[Start of section]
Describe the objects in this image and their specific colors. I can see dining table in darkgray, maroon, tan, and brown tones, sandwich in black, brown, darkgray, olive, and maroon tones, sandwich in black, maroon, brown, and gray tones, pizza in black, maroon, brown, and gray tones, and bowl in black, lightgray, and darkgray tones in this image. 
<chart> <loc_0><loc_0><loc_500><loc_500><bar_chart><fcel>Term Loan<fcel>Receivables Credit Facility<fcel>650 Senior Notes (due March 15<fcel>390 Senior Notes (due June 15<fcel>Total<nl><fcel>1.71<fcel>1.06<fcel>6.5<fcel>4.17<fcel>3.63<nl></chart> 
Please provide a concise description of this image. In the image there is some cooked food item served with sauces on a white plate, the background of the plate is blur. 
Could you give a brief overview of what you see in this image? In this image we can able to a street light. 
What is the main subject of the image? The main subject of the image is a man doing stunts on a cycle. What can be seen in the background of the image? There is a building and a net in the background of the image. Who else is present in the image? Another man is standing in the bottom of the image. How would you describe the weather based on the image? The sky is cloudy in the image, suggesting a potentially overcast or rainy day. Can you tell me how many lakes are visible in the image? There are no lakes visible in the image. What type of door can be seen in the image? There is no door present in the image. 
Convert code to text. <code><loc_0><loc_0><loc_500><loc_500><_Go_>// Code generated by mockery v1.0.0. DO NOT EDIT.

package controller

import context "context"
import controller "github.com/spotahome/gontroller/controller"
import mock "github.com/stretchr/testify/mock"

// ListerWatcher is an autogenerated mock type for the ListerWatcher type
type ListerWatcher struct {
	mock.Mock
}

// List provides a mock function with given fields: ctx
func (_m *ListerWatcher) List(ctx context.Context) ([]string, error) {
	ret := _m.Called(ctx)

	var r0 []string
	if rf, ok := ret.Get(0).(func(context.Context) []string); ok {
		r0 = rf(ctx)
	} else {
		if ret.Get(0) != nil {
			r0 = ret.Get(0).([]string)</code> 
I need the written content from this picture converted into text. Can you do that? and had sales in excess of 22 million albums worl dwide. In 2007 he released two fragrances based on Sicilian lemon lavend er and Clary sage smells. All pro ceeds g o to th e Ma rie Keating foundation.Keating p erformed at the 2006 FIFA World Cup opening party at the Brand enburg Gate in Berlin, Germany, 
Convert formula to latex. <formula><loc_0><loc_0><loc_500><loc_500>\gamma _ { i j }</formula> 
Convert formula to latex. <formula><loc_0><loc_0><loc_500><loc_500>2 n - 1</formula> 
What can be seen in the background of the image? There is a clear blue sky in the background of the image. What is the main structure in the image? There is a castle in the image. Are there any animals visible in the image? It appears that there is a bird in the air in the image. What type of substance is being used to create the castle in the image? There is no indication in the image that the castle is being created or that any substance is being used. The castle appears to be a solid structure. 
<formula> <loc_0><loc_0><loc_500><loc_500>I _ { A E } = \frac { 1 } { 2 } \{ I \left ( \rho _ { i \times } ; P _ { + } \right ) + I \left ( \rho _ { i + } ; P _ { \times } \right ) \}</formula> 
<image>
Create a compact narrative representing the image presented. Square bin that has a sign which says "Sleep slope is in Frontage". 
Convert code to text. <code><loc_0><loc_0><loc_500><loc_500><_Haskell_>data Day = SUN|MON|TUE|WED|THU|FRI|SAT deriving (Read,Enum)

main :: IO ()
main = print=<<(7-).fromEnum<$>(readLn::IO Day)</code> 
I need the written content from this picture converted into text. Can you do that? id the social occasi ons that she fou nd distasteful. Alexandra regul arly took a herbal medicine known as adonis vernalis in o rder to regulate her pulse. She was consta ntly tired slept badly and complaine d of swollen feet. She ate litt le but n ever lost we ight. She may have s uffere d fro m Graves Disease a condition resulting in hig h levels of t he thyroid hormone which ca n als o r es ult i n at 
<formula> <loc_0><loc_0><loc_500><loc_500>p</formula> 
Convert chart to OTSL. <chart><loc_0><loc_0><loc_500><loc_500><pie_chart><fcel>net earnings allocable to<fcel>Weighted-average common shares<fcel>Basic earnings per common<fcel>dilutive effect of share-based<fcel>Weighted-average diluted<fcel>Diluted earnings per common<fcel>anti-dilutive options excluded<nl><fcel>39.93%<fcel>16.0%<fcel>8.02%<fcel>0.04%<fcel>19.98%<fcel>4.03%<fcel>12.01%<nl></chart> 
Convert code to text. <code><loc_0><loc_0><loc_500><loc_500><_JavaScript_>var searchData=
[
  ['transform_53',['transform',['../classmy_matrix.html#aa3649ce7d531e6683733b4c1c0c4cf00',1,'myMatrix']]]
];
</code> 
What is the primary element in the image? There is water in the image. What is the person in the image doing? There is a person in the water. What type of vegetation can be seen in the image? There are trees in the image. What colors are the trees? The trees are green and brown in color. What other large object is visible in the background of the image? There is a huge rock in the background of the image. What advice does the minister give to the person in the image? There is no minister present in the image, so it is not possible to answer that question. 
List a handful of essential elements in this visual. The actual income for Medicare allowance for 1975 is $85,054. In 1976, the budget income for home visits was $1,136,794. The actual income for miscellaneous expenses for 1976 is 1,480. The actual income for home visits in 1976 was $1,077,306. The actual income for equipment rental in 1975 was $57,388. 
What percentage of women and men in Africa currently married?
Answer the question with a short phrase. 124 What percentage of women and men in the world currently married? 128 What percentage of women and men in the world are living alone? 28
[End of section]
Work instruction >> Would you write out the data exactly as it reads?

Answer box >>
Describe the objects in this image and their specific colors. I can see dining table in darkgray, maroon, tan, and brown tones, sandwich in black, brown, darkgray, olive, and maroon tones, sandwich in black, maroon, brown, and gray tones, pizza in black, maroon, brown, and gray tones, and bowl in black, lightgray, and darkgray tones in this image. 
<chart> <loc_0><loc_0><loc_500><loc_500><bar_chart><fcel>Term Loan<fcel>Receivables Credit Facility<fcel>650 Senior Notes (due March 15<fcel>390 Senior Notes (due June 15<fcel>Total<nl><fcel>1.71<fcel>1.06<fcel>6.5<fcel>4.17<fcel>3.63<nl></chart> 
Please provide a concise description of this image. In the image there is some cooked food item served with sauces on a white plate, the background of the plate is blur. 
Could you give a brief overview of what you see in this image? In this image we can able to a street light. 
What is the main subject of the image? The main subject of the image is a man doing stunts on a cycle. What can be seen in the background of the image? There is a building and a net in the background of the image. Who else is present in the image? Another man is standing in the bottom of the image. How would you describe the weather based on the image? The sky is cloudy in the image, suggesting a potentially overcast or rainy day. Can you tell me how many lakes are visible in the image? There are no lakes visible in the image. What type of door can be seen in the image? There is no door present in the image. 
Convert code to text. <code><loc_0><loc_0><loc_500><loc_500><_Go_>// Code generated by mockery v1.0.0. DO NOT EDIT.

package controller

import context "context"
import controller "github.com/spotahome/gontroller/controller"
import mock "github.com/stretchr/testify/mock"

// ListerWatcher is an autogenerated mock type for the ListerWatcher type
type ListerWatcher struct {
	mock.Mock
}

// List provides a mock function with given fields: ctx
func (_m *ListerWatcher) List(ctx context.Context) ([]string, error) {
	ret := _m.Called(ctx)

	var r0 []string
	if rf, ok := ret.Get(0).(func(context.Context) []string); ok {
		r0 = rf(ctx)
	} else {
		if ret.Get(0) != nil {
			r0 = ret.Get(0).([]string)</code> 
I need the written content from this picture converted into text. Can you do that? and had sales in excess of 22 million albums worl dwide. In 2007 he released two fragrances based on Sicilian lemon lavend er and Clary sage smells. All pro ceeds g o to th e Ma rie Keating foundation.Keating p erformed at the 2006 FIFA World Cup opening party at the Brand enburg Gate in Berlin, Germany, 
Convert formula to latex. <formula><loc_0><loc_0><loc_500><loc_500>\gamma _ { i j }</formula> 
Convert formula to latex. <formula><loc_0><loc_0><loc_500><loc_500>2 n - 1</formula> 
What can be seen in the background of the image? There is a clear blue sky in the background of the image. What is the main structure in the image? There is a castle in the image. Are there any animals visible in the image? It appears that there is a bird in the air in the image. What type of substance is being used to create the castle in the image? There is no indication in the image that the castle is being created or that any substance is being used. The castle appears to be a solid structure. 
<formula> <loc_0><loc_0><loc_500><loc_500>I _ { A E } = \frac { 1 } { 2 } \{ I \left ( \rho _ { i \times } ; P _ { + } \right ) + I \left ( \rho _ { i + } ; P _ { \times } \right ) \}</formula> 
<image>
Create a compact narrative representing the image presented. Square bin that has a sign which says "Sleep slope is in Frontage". 
Convert code to text. <code><loc_0><loc_0><loc_500><loc_500><_Haskell_>data Day = SUN|MON|TUE|WED|THU|FRI|SAT deriving (Read,Enum)

main :: IO ()
main = print=<<(7-).fromEnum<$>(readLn::IO Day)</code> 
I need the written content from this picture converted into text. Can you do that? id the social occasi ons that she fou nd distasteful. Alexandra regul arly took a herbal medicine known as adonis vernalis in o rder to regulate her pulse. She was consta ntly tired slept badly and complaine d of swollen feet. She ate litt le but n ever lost we ight. She may have s uffere d fro m Graves Disease a condition resulting in hig h levels of t he thyroid hormone which ca n als o r es ult i n at 
<formula> <loc_0><loc_0><loc_500><loc_500>p</formula> 
Convert chart to OTSL. <chart><loc_0><loc_0><loc_500><loc_500><pie_chart><fcel>net earnings allocable to<fcel>Weighted-average common shares<fcel>Basic earnings per common<fcel>dilutive effect of share-based<fcel>Weighted-average diluted<fcel>Diluted earnings per common<fcel>anti-dilutive options excluded<nl><fcel>39.93%<fcel>16.0%<fcel>8.02%<fcel>0.04%<fcel>19.98%<fcel>4.03%<fcel>12.01%<nl></chart> 
Convert code to text. <code><loc_0><loc_0><loc_500><loc_500><_JavaScript_>var searchData=
[
  ['transform_53',['transform',['../classmy_matrix.html#aa3649ce7d531e6683733b4c1c0c4cf00',1,'myMatrix']]]
];
</code> 
What is the primary element in the image? There is water in the image. What is the person in the image doing? There is a person in the water. What type of vegetation can be seen in the image? There are trees in the image. What colors are the trees? The trees are green and brown in color. What other large object is visible in the background of the image? There is a huge rock in the background of the image. What advice does the minister give to the person in the image? There is no minister present in the image, so it is not possible to answer that question. 
List a handful of essential elements in this visual. The actual income for Medicare allowance for 1975 is $85,054. In 1976, the budget income for home visits was $1,136,794. The actual income for miscellaneous expenses for 1976 is 1,480. The actual income for home visits in 1976 was $1,077,306. The actual income for equipment rental in 1975 was $57,388. 
What percentage of women and men in Africa currently married?
Answer the question with a short phrase. 124 What percentage of women and men in the world currently married? 128 What percentage of women and men in the world are living alone? 28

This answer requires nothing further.